[Collected data entries]

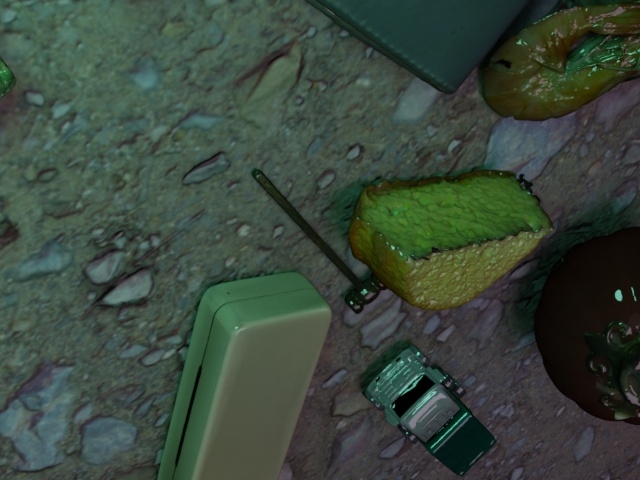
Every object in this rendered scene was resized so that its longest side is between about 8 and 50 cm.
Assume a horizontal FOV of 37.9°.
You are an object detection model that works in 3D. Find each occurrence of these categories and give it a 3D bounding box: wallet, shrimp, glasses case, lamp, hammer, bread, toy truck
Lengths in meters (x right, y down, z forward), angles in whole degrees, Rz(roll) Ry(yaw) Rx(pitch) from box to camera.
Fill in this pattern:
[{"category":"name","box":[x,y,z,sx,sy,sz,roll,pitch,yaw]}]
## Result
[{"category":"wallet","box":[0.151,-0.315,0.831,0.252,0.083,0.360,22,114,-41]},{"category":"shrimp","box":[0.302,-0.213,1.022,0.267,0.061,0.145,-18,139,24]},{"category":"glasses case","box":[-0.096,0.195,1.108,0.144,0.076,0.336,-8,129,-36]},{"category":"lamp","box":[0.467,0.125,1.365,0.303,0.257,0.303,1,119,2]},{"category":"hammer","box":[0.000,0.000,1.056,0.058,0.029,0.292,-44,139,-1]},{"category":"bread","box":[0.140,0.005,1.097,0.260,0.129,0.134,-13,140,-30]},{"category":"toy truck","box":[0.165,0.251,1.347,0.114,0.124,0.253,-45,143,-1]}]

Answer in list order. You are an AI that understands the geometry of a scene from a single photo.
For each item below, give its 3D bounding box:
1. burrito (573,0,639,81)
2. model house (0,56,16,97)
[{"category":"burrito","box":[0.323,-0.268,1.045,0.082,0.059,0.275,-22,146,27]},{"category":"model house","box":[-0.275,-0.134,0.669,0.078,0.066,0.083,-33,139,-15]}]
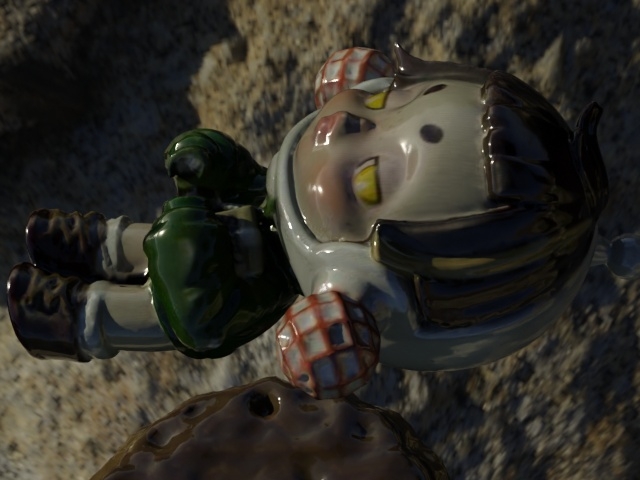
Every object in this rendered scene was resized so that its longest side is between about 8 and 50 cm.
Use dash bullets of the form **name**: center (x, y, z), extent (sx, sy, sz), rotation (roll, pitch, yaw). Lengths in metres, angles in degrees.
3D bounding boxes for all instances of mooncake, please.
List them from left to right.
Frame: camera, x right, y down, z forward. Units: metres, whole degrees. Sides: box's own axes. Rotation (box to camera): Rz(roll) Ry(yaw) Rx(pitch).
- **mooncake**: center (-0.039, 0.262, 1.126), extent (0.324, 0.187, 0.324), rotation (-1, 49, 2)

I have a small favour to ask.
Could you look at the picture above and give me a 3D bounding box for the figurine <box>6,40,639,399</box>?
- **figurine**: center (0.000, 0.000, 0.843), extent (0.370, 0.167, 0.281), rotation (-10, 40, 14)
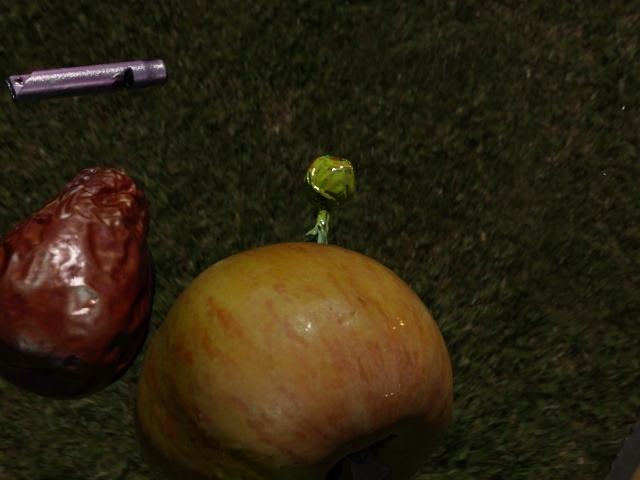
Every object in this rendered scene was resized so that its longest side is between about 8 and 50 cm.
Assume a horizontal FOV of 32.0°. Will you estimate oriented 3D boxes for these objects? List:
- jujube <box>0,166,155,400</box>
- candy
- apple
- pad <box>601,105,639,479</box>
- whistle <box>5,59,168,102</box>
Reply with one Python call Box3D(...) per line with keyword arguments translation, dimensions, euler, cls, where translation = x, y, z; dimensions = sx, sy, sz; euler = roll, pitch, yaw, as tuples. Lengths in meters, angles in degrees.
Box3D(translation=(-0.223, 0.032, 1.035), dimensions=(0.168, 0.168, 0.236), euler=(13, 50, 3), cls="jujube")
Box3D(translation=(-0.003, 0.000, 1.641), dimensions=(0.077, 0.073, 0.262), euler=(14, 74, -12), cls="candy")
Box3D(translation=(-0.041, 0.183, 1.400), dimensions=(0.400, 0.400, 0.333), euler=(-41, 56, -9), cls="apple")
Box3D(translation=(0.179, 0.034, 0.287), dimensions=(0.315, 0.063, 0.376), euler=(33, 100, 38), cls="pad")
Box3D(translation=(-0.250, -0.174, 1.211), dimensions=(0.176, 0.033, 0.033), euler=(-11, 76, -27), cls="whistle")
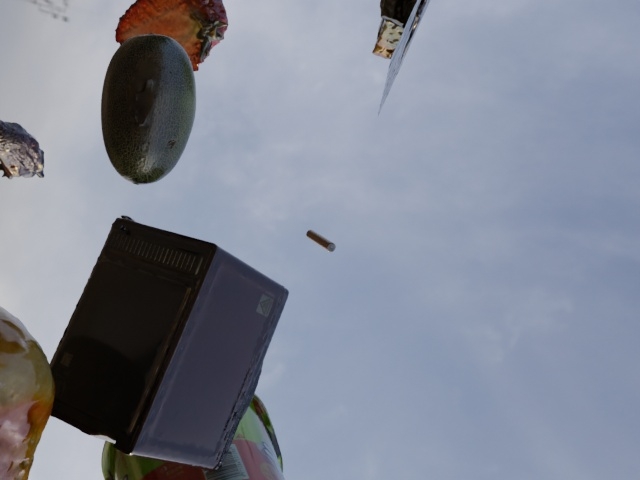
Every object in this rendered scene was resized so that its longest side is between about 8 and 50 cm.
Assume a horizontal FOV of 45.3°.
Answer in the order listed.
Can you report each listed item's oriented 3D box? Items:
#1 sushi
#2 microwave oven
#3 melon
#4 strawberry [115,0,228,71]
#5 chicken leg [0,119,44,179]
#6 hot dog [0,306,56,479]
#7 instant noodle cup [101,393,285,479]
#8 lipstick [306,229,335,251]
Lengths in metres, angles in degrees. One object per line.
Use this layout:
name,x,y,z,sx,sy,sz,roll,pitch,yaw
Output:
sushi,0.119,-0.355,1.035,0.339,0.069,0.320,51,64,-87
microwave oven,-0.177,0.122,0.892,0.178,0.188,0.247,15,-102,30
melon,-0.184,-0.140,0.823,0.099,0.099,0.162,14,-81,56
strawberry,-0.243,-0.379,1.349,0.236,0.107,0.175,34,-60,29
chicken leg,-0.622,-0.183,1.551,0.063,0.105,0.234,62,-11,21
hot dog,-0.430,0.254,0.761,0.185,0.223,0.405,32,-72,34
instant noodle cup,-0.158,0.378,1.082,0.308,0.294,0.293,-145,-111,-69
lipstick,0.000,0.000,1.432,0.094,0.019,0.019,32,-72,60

-- Exercise instructions --
Although the records contain pictures, your copy should hold only the text, reproduced exactly.

-- Exercise result --
Every object in this rendered scene was resized so that its longest side is between about 8 and 50 cm.
Assume a horizontal FOV of 37.9°.
You are an object detection model that works in 3D. Find each occurrence of these categories and give it a 3D bounding box: wallet, shrimp, glasses case, lamp, hammer, bread, toy truck
Lengths in meters (x right, y down, z forward), angles in whole degrees, Rz(roll) Ry(yaw) Rx(pitch) from box to camera.
Fill in this pattern:
[{"category":"name","box":[x,y,z,sx,sy,sz,roll,pitch,yaw]}]
## Result
[{"category":"wallet","box":[0.151,-0.315,0.831,0.252,0.083,0.360,22,114,-41]},{"category":"shrimp","box":[0.302,-0.213,1.022,0.267,0.061,0.145,-18,139,24]},{"category":"glasses case","box":[-0.096,0.195,1.108,0.144,0.076,0.336,-8,129,-36]},{"category":"lamp","box":[0.467,0.125,1.365,0.303,0.257,0.303,1,119,2]},{"category":"hammer","box":[0.000,0.000,1.056,0.058,0.029,0.292,-44,139,-1]},{"category":"bread","box":[0.140,0.005,1.097,0.260,0.129,0.134,-13,140,-30]},{"category":"toy truck","box":[0.165,0.251,1.347,0.114,0.124,0.253,-45,143,-1]}]

Answer in list order. You are an AI that understands the geometry of a scene from a single photo.
For each item below, give its 3D bounding box:
1. burrito (573,0,639,81)
2. model house (0,56,16,97)
[{"category":"burrito","box":[0.323,-0.268,1.045,0.082,0.059,0.275,-22,146,27]},{"category":"model house","box":[-0.275,-0.134,0.669,0.078,0.066,0.083,-33,139,-15]}]
Every object in this rendered scene was resized so that its longest side is between about 8 and 50 cm.
Use dash bullets of the form **name**: center (x, y, z), extent (sx, sy, sz), rotation (roll, pitch, yaw). Lengths in metres, angles in degrees.
3D bounding boxes for all instances of mooncake, please.
List them from left to right.
Frame: camera, x right, y down, z forward. Units: metres, whole degrees. Sides: box's own axes. Rotation (box to camera): Rz(roll) Ry(yaw) Rx(pitch).
- **mooncake**: center (-0.039, 0.262, 1.126), extent (0.324, 0.187, 0.324), rotation (-1, 49, 2)

I have a small favour to ask.
Could you look at the picture above and give me a 3D bounding box for the figurine <box>6,40,639,399</box>?
- **figurine**: center (0.000, 0.000, 0.843), extent (0.370, 0.167, 0.281), rotation (-10, 40, 14)
Every object in this rendered scene was resized so that its longest side is between about 8 and 50 cm.
Assume a horizontal FOV of 32.0°. Will you estimate oriented 3D boxes for these objects? List:
- jujube <box>0,166,155,400</box>
- candy
- apple
- pad <box>601,105,639,479</box>
- whistle <box>5,59,168,102</box>
Reply with one Python call Box3D(...) per line with keyword arguments translation, dimensions, euler, cls, where translation = x, y, z; dimensions = sx, sy, sz; euler = roll, pitch, yaw, as tuples. Lengths in meters, angles in degrees.
Box3D(translation=(-0.223, 0.032, 1.035), dimensions=(0.168, 0.168, 0.236), euler=(13, 50, 3), cls="jujube")
Box3D(translation=(-0.003, 0.000, 1.641), dimensions=(0.077, 0.073, 0.262), euler=(14, 74, -12), cls="candy")
Box3D(translation=(-0.041, 0.183, 1.400), dimensions=(0.400, 0.400, 0.333), euler=(-41, 56, -9), cls="apple")
Box3D(translation=(0.179, 0.034, 0.287), dimensions=(0.315, 0.063, 0.376), euler=(33, 100, 38), cls="pad")
Box3D(translation=(-0.250, -0.174, 1.211), dimensions=(0.176, 0.033, 0.033), euler=(-11, 76, -27), cls="whistle")
Every object in this rendered scene was resized so that its longest side is between about 8 and 50 cm.
Assume a horizontal FOV of 45.3°.
Answer in the order listed.
Can you report each listed item's oriented 3D box? Items:
#1 sushi
#2 microwave oven
#3 melon
#4 strawberry [115,0,228,71]
#5 chicken leg [0,119,44,179]
#6 hot dog [0,306,56,479]
#7 instant noodle cup [101,393,285,479]
#8 lipstick [306,229,335,251]
Lengths in metres, angles in degrees. One object per line.
Use this layout:
name,x,y,z,sx,sy,sz,roll,pitch,yaw
Output:
sushi,0.119,-0.355,1.035,0.339,0.069,0.320,51,64,-87
microwave oven,-0.177,0.122,0.892,0.178,0.188,0.247,15,-102,30
melon,-0.184,-0.140,0.823,0.099,0.099,0.162,14,-81,56
strawberry,-0.243,-0.379,1.349,0.236,0.107,0.175,34,-60,29
chicken leg,-0.622,-0.183,1.551,0.063,0.105,0.234,62,-11,21
hot dog,-0.430,0.254,0.761,0.185,0.223,0.405,32,-72,34
instant noodle cup,-0.158,0.378,1.082,0.308,0.294,0.293,-145,-111,-69
lipstick,0.000,0.000,1.432,0.094,0.019,0.019,32,-72,60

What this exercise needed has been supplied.